• [PROBLEM REQUIREMENTS] Every entry below is to be copied word for word, with its pictures removed.

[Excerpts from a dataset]
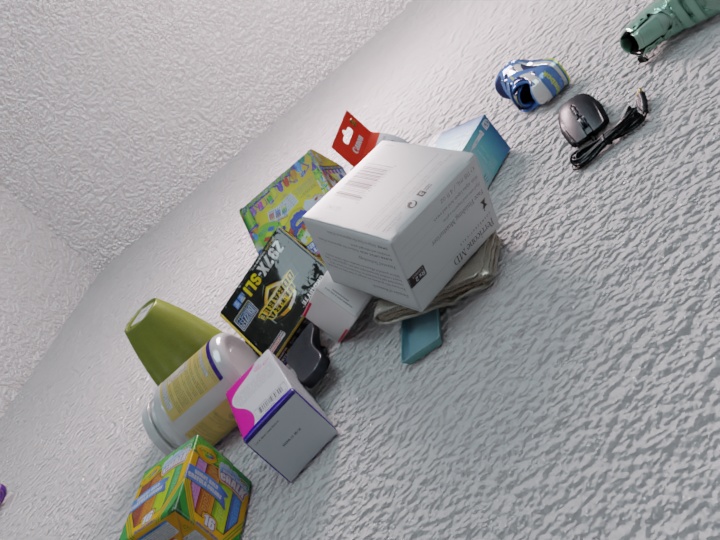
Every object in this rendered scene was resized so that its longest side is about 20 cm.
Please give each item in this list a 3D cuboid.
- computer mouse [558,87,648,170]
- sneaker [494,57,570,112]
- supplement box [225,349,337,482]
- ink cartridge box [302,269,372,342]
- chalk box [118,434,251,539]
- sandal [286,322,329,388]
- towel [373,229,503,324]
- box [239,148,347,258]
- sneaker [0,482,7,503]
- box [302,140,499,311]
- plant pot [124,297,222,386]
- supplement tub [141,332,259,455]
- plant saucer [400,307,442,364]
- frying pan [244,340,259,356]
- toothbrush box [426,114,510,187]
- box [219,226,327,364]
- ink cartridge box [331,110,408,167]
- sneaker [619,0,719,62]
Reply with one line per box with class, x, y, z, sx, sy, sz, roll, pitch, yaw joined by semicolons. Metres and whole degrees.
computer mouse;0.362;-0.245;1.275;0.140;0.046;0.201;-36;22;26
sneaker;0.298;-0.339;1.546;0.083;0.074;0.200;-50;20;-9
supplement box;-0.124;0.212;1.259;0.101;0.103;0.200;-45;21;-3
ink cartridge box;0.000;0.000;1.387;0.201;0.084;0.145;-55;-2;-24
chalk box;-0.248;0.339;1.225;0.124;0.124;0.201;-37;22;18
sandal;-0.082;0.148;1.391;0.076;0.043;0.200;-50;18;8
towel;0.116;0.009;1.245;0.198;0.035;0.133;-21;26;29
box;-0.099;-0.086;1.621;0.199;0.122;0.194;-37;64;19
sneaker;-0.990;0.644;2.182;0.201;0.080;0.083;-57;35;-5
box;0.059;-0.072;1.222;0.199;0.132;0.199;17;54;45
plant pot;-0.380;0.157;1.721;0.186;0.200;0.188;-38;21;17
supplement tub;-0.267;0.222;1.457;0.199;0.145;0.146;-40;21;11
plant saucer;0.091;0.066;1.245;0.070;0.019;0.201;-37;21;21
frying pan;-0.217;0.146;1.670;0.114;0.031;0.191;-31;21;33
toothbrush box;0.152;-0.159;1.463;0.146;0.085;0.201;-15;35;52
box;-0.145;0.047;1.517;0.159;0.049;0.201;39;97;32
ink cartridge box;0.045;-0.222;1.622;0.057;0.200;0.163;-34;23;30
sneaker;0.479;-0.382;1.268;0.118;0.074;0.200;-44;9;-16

• [OUTPUT BELOW]
Every object in this rendered scene was resized so that its longest side is about 20 cm.
Please give each item in this list a 3D cuboid.
- computer mouse [558,87,648,170]
- sneaker [494,57,570,112]
- supplement box [225,349,337,482]
- ink cartridge box [302,269,372,342]
- chalk box [118,434,251,539]
- sandal [286,322,329,388]
- towel [373,229,503,324]
- box [239,148,347,258]
- sneaker [0,482,7,503]
- box [302,140,499,311]
- plant pot [124,297,222,386]
- supplement tub [141,332,259,455]
- plant saucer [400,307,442,364]
- frying pan [244,340,259,356]
- toothbrush box [426,114,510,187]
- box [219,226,327,364]
- ink cartridge box [331,110,408,167]
- sneaker [619,0,719,62]
Reply with one line per box with class, x, y, z, sx, sy, sz, roll, pitch, yaw joined by semicolons. Metres and whole degrees.
computer mouse;0.362;-0.245;1.275;0.140;0.046;0.201;-36;22;26
sneaker;0.298;-0.339;1.546;0.083;0.074;0.200;-50;20;-9
supplement box;-0.124;0.212;1.259;0.101;0.103;0.200;-45;21;-3
ink cartridge box;0.000;0.000;1.387;0.201;0.084;0.145;-55;-2;-24
chalk box;-0.248;0.339;1.225;0.124;0.124;0.201;-37;22;18
sandal;-0.082;0.148;1.391;0.076;0.043;0.200;-50;18;8
towel;0.116;0.009;1.245;0.198;0.035;0.133;-21;26;29
box;-0.099;-0.086;1.621;0.199;0.122;0.194;-37;64;19
sneaker;-0.990;0.644;2.182;0.201;0.080;0.083;-57;35;-5
box;0.059;-0.072;1.222;0.199;0.132;0.199;17;54;45
plant pot;-0.380;0.157;1.721;0.186;0.200;0.188;-38;21;17
supplement tub;-0.267;0.222;1.457;0.199;0.145;0.146;-40;21;11
plant saucer;0.091;0.066;1.245;0.070;0.019;0.201;-37;21;21
frying pan;-0.217;0.146;1.670;0.114;0.031;0.191;-31;21;33
toothbrush box;0.152;-0.159;1.463;0.146;0.085;0.201;-15;35;52
box;-0.145;0.047;1.517;0.159;0.049;0.201;39;97;32
ink cartridge box;0.045;-0.222;1.622;0.057;0.200;0.163;-34;23;30
sneaker;0.479;-0.382;1.268;0.118;0.074;0.200;-44;9;-16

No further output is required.